I understand the scare quotes.
I agree that autodidacts “are more likely to fail to notice some genuine risk, than experts are.”
But autodidacts are also more likely to exaggerate other genuine risks than experts are, are they not?
If (3) is true, then doesn’t that undermine the claim “Experts are more likely to be concerned over risks than autodidacts are”?
What I said was:
Besides, being more concerned is not the same as being more likely to be concerned. Just as being prone to panic doesn’t automatically make you better at hearing danger.
True, and I see that this distinction undercuts one of the ways there could be more autodidact concern than expert concern. But there is at least one more way, which I suggested earlier.
Imagine a world populated by a hundred experts, a hundred autodidacts, and a risk. Let E be the number of experts concerned about the risk, and A be the number of concerned autodidacts.
I interpret you as saying that E is greater than A. Is this a correct interpretation?
To the claim that E > A, I am saying “not necessarily.” Here is how.
Since the risk is a genuine risk, we assume that nearly all the experts are concerned. So we set E = 95. Now suppose those without formal training all suffer from the same common pitfalls, and so tend to make errors in the same direction. Suppose that due to these errors, autodidacts with their little learning are even more likely to be concerned. If they were all better trained, they would all relax a bit, and some would relax enough to cross the line into “not concerned” territory.
The above scenario seems perfectly plausible to me; is there some problem with it that I have missed? Does it miss the point? It is not the most likely scenario, but it’s far from impossible, and you seem to have cavalierly ruled it out. Hence my original request for a source.
Seems highly unlikely for some risk the properties of which you don’t get to choose. Therefore in no way contradicts the assertion that experts are more likely to become aware of risks.
To large extent everyone is an autodidact, without scare quotes—a lot of learning is done on your own even if you are attending an university. It’s just that some people skip exercises and mistake popularization books for learning material, and so on. Those aren’t more likely to make correct inferences, precisely due to their lack of training in drawing inferences.
edit: and of course there are people who were not able to attend an university, despite intelligence and inclinations towards education, due to factors such as poverty, disability, etc. Some of them manage to learn properly on their own. Those have their work to show for it, various achievements in technical fields, and so on. I wouldn’t put scare quotes around those. And the brightest aren’t going to ignore someone just because they don’t have PhD, or listen to someone just because they do.
OK, so maybe this turns on how likely “likely” is?

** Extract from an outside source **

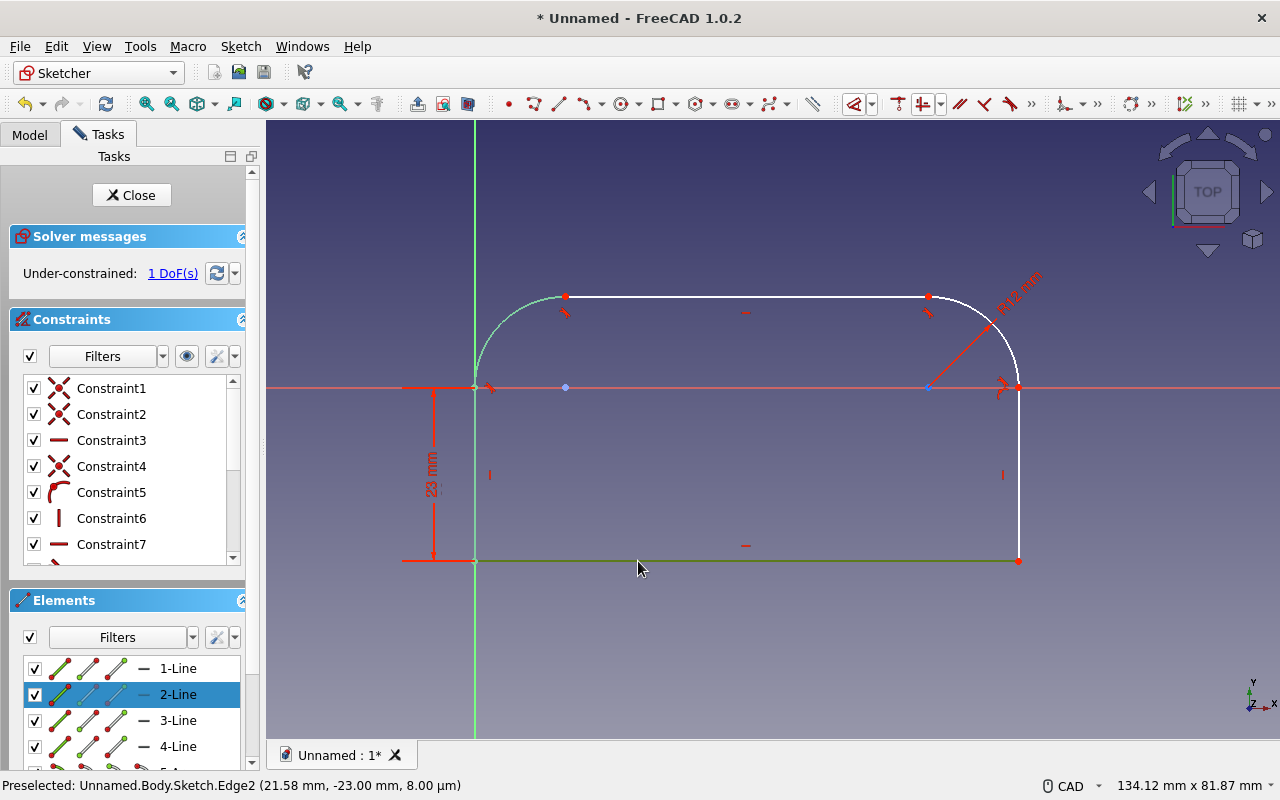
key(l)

Edit: fixed quotation marks
Well, one can always make some unlikely circumstances where something generally unlikely is likely. E.g. it’s unlikely to roll 10 sixes in the row with this die. You can postulate we’re living in a simulator set up so that the die would have 99% probability of rolling 10 sixes, that doesn’t actually make this die likely to roll 10 sixes in the row if its unlikely that we are living in such a simulator. This is just moving improbability around.
Yes, that’s true. So, is that what I was doing all along? It sure looks like it. Oops. Sorry for taking so long to change my mind, and thanks for your persistence and patience.